→ **WHAT IS REQUIRED**:
Beginning with the line that holds "Next object: the rack guard (221,453,296,549).", copy each line exactly through the end of the entries, but leave the pictures out.
————————
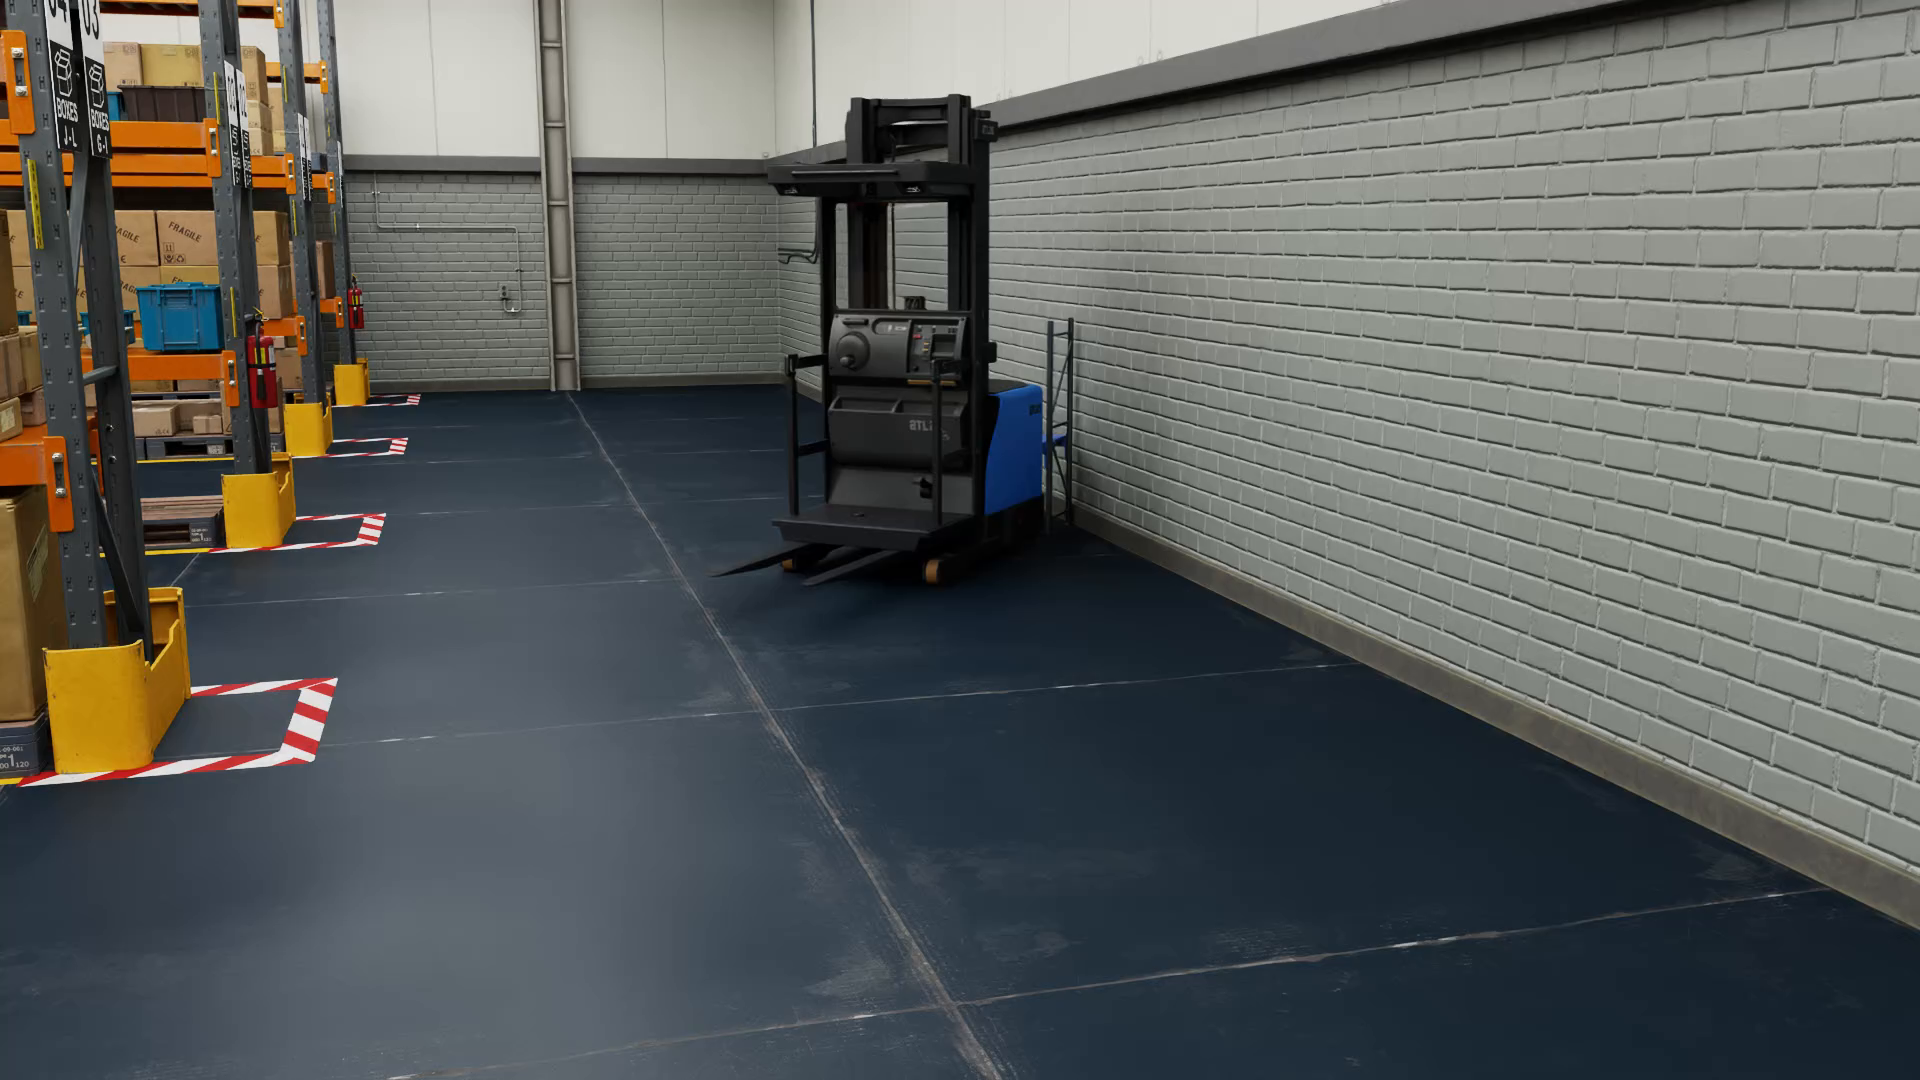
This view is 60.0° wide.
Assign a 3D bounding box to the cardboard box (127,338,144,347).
[{"bbox_3d":[-9.949,-2.368,20.076,0.250,0.149,0.380,-3,11,-18],"label":"cardboard box"}]

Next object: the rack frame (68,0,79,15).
[{"bbox_3d":[-3.582,-3.609,6.297,0.127,3.000,1.000,-3,11,-16],"label":"rack frame"}]

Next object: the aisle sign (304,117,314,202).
[{"bbox_3d":[-6.364,-3.714,16.256,0.004,0.787,0.394,-3,11,-16],"label":"aisle sign"}]

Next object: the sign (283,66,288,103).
[{"bbox_3d":[-6.212,-4.194,15.314,0.005,0.325,0.100,-3,11,-16],"label":"sign"}]

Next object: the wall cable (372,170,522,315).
[{"bbox_3d":[-6.771,-3.971,22.025,1.851,1.984,0.084,-3,11,-16],"label":"wall cable"}]

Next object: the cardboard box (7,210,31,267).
[{"bbox_3d":[-8.668,-2.747,15.143,0.500,0.500,0.500,-3,11,-18],"label":"cardboard box"}]

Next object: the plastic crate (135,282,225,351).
[{"bbox_3d":[-5.236,-1.517,11.240,0.499,0.435,0.616,-3,11,-16],"label":"plastic crate"}]

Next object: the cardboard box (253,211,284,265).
[{"bbox_3d":[-6.698,-2.852,15.714,0.500,0.500,0.500,-3,11,-16],"label":"cardboard box"}]

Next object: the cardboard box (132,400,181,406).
[{"bbox_3d":[-7.909,-1.216,16.248,0.500,0.250,0.500,-3,11,-16],"label":"cardboard box"}]

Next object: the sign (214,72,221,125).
[{"bbox_3d":[-4.797,-2.849,10.740,0.005,0.325,0.100,-3,11,-16],"label":"sign"}]

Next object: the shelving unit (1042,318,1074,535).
[{"bbox_3d":[0.239,-0.851,12.026,1.048,1.500,0.538,4,11,21],"label":"shelving unit"}]

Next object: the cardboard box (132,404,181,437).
[{"bbox_3d":[-7.721,-1.132,15.790,0.500,0.250,0.500,-3,11,-16],"label":"cardboard box"}]

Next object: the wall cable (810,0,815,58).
[{"bbox_3d":[-1.449,-6.903,18.816,0.112,2.526,3.097,-3,11,-16],"label":"wall cable"}]

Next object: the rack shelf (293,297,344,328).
[{"bbox_3d":[-9.656,-2.787,20.388,4.000,0.370,1.077,-3,11,-16],"label":"rack shelf"}]

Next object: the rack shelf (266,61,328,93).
[{"bbox_3d":[-9.656,-5.541,19.881,4.000,0.370,1.077,-3,11,-16],"label":"rack shelf"}]

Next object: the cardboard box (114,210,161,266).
[{"bbox_3d":[-7.680,-2.799,15.427,0.500,0.500,0.500,-3,11,-14],"label":"cardboard box"}]

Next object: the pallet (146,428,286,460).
[{"bbox_3d":[-7.186,-0.965,16.207,1.213,0.211,1.003,-3,11,-16],"label":"pallet"}]

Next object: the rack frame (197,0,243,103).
[{"bbox_3d":[-4.967,-4.470,10.974,0.127,3.000,1.000,-3,11,-16],"label":"rack frame"}]

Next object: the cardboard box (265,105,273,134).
[{"bbox_3d":[-6.914,-4.048,15.997,0.500,0.250,0.500,-3,11,-16],"label":"cardboard box"}]

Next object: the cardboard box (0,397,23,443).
[{"bbox_3d":[-3.832,-0.460,6.454,0.250,0.149,0.380,-3,11,-15],"label":"cardboard box"}]

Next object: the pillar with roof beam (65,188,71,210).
[{"bbox_3d":[-9.943,-5.427,16.174,0.400,9.000,9.100,-3,11,-16],"label":"pillar with roof beam"}]

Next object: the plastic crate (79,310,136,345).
[{"bbox_3d":[-5.928,-1.478,11.589,0.300,0.233,0.416,-3,11,-16],"label":"plastic crate"}]

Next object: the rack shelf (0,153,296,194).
[{"bbox_3d":[-8.268,-3.401,15.439,4.000,0.370,1.077,-3,11,-16],"label":"rack shelf"}]

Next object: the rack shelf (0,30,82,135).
[{"bbox_3d":[-5.503,-1.679,6.084,4.000,0.370,1.077,-3,11,-16],"label":"rack shelf"}]

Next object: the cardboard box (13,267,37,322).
[{"bbox_3d":[-8.651,-2.258,15.249,0.500,0.500,0.500,-3,11,-16],"label":"cardboard box"}]

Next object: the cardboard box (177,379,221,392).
[{"bbox_3d":[-9.343,-2.115,20.497,0.500,0.500,0.700,-3,11,-18],"label":"cardboard box"}]

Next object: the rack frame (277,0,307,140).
[{"bbox_3d":[-6.348,-5.332,15.652,0.127,3.000,1.000,-3,11,-16],"label":"rack frame"}]

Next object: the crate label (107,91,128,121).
[{"bbox_3d":[-5.943,-2.931,11.311,0.502,0.251,0.408,-3,11,-16],"label":"crate label"}]

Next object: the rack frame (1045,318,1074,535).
[{"bbox_3d":[0.711,-0.817,11.841,0.032,1.500,0.500,4,11,21],"label":"rack frame"}]

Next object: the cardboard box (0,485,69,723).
[{"bbox_3d":[-4.175,0.226,6.743,0.875,0.875,0.875,-3,11,-16],"label":"cardboard box"}]

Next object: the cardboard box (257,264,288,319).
[{"bbox_3d":[-6.702,-2.360,15.806,0.500,0.500,0.500,-3,11,-14],"label":"cardboard box"}]

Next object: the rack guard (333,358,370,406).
[{"bbox_3d":[-7.713,-2.014,21.105,0.348,0.500,1.175,-3,11,-16],"label":"rack guard"}]

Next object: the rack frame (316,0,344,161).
[{"bbox_3d":[-7.736,-6.192,20.329,0.127,3.000,1.000,-3,11,-16],"label":"rack frame"}]

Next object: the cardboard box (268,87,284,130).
[{"bbox_3d":[-8.362,-5.184,20.040,0.500,0.500,0.500,-3,11,-16],"label":"cardboard box"}]

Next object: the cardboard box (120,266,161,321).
[{"bbox_3d":[-7.679,-2.309,15.528,0.500,0.500,0.500,-3,11,-15],"label":"cardboard box"}]

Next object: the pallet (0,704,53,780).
[{"bbox_3d":[-4.328,0.767,6.799,1.213,0.211,1.003,-3,11,-16],"label":"pallet"}]

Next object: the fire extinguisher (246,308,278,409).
[{"bbox_3d":[-4.695,-1.227,11.170,0.183,0.674,0.296,-3,11,-16],"label":"fire extinguisher"}]

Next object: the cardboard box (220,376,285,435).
[{"bbox_3d":[-6.801,-1.298,16.000,0.500,0.500,0.500,-3,11,-16],"label":"cardboard box"}]

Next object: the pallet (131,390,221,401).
[{"bbox_3d":[-9.651,-1.755,20.499,1.213,0.211,1.003,-3,11,-16],"label":"pallet"}]

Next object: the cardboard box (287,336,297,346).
[{"bbox_3d":[-8.316,-2.527,20.938,0.250,0.149,0.380,-3,11,-16],"label":"cardboard box"}]

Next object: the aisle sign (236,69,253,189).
[{"bbox_3d":[-4.981,-2.854,11.582,0.004,0.787,0.394,-3,11,-16],"label":"aisle sign"}]

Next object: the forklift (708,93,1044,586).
[{"bbox_3d":[-0.481,-1.254,10.264,1.130,2.935,3.031,5,11,24],"label":"forklift"}]

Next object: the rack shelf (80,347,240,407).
[{"bbox_3d":[-6.887,-1.065,11.033,4.000,0.370,1.077,-3,11,-16],"label":"rack shelf"}]

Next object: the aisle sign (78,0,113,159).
[{"bbox_3d":[-3.597,-1.993,6.908,0.004,0.787,0.394,-3,11,-16],"label":"aisle sign"}]

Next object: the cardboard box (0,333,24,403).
[{"bbox_3d":[-3.974,-0.661,6.443,0.500,0.250,0.500,-3,11,-17],"label":"cardboard box"}]

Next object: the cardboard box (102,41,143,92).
[{"bbox_3d":[-7.790,-4.314,15.372,0.500,0.500,0.700,-3,11,-16],"label":"cardboard box"}]

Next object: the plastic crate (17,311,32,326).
[{"bbox_3d":[-6.560,-1.445,11.408,0.300,0.233,0.416,-3,11,-16],"label":"plastic crate"}]

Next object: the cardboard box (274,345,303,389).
[{"bbox_3d":[-8.380,-2.166,20.774,0.500,0.500,0.700,-3,11,-16],"label":"cardboard box"}]

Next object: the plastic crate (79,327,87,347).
[{"bbox_3d":[-5.981,-1.335,11.074,0.243,0.136,0.396,-3,11,-16],"label":"plastic crate"}]

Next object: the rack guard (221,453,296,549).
[{"bbox_3d":[-4.947,-0.294,11.762,0.348,0.500,1.175,-3,11,-16],"label":"rack guard"}]

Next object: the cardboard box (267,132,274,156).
[{"bbox_3d":[-6.912,-3.801,16.036,0.500,0.250,0.500,-3,11,-16],"label":"cardboard box"}]

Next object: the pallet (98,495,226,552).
[{"bbox_3d":[-5.769,-0.113,11.580,1.213,0.211,1.003,-3,11,-16],"label":"pallet"}]

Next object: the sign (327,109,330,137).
[{"bbox_3d":[-7.598,-5.019,20.011,0.005,0.325,0.100,-3,11,-16],"label":"sign"}]

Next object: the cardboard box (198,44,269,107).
[{"bbox_3d":[-6.836,-4.368,15.668,0.500,0.500,0.700,-3,11,-16],"label":"cardboard box"}]
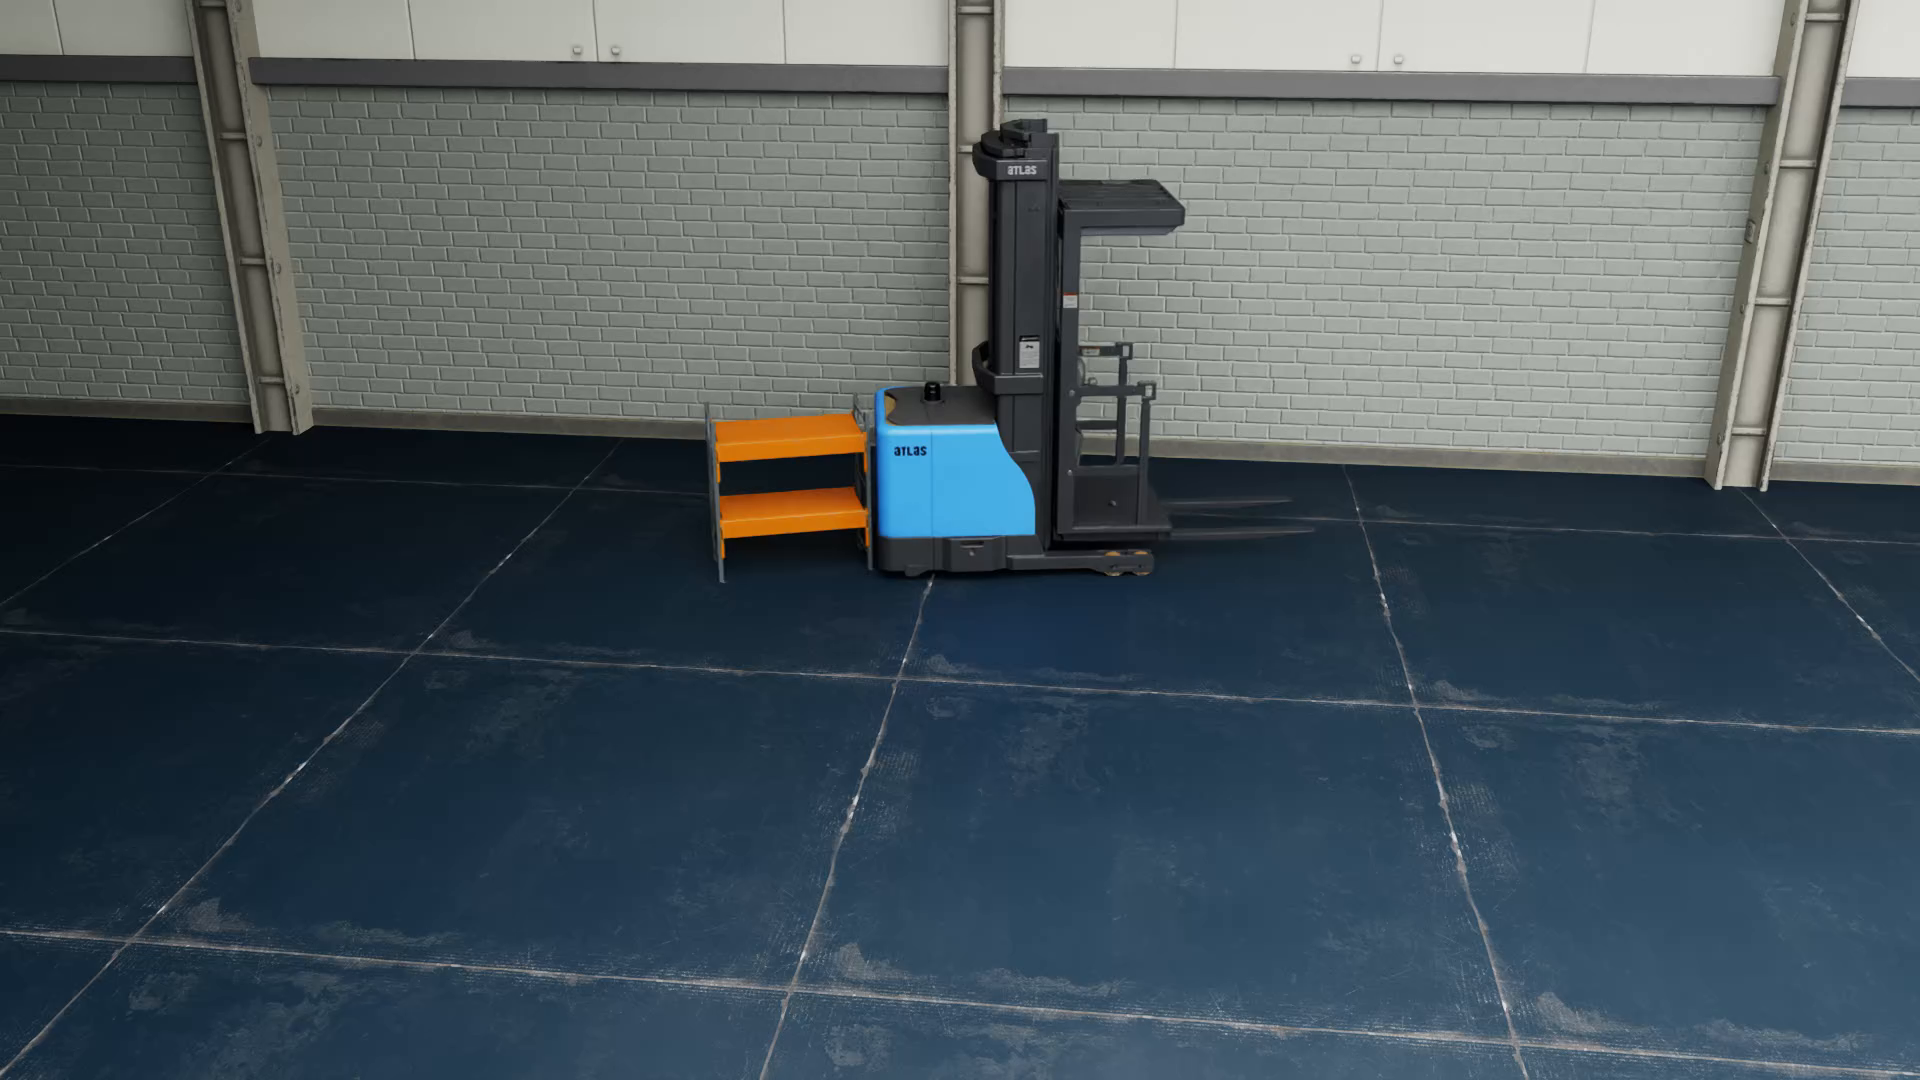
————————
→ **EXERCISE SOLUTION**:
Next object: the rack guard (221,453,296,549).
[{"bbox_3d":[-4.947,-0.294,11.762,0.348,0.500,1.175,-3,11,-16],"label":"rack guard"}]

Next object: the cardboard box (267,132,274,156).
[{"bbox_3d":[-6.912,-3.801,16.036,0.500,0.250,0.500,-3,11,-16],"label":"cardboard box"}]

Next object: the pallet (98,495,226,552).
[{"bbox_3d":[-5.769,-0.113,11.580,1.213,0.211,1.003,-3,11,-16],"label":"pallet"}]

Next object: the sign (327,109,330,137).
[{"bbox_3d":[-7.598,-5.019,20.011,0.005,0.325,0.100,-3,11,-16],"label":"sign"}]

Next object: the cardboard box (198,44,269,107).
[{"bbox_3d":[-6.836,-4.368,15.668,0.500,0.500,0.700,-3,11,-16],"label":"cardboard box"}]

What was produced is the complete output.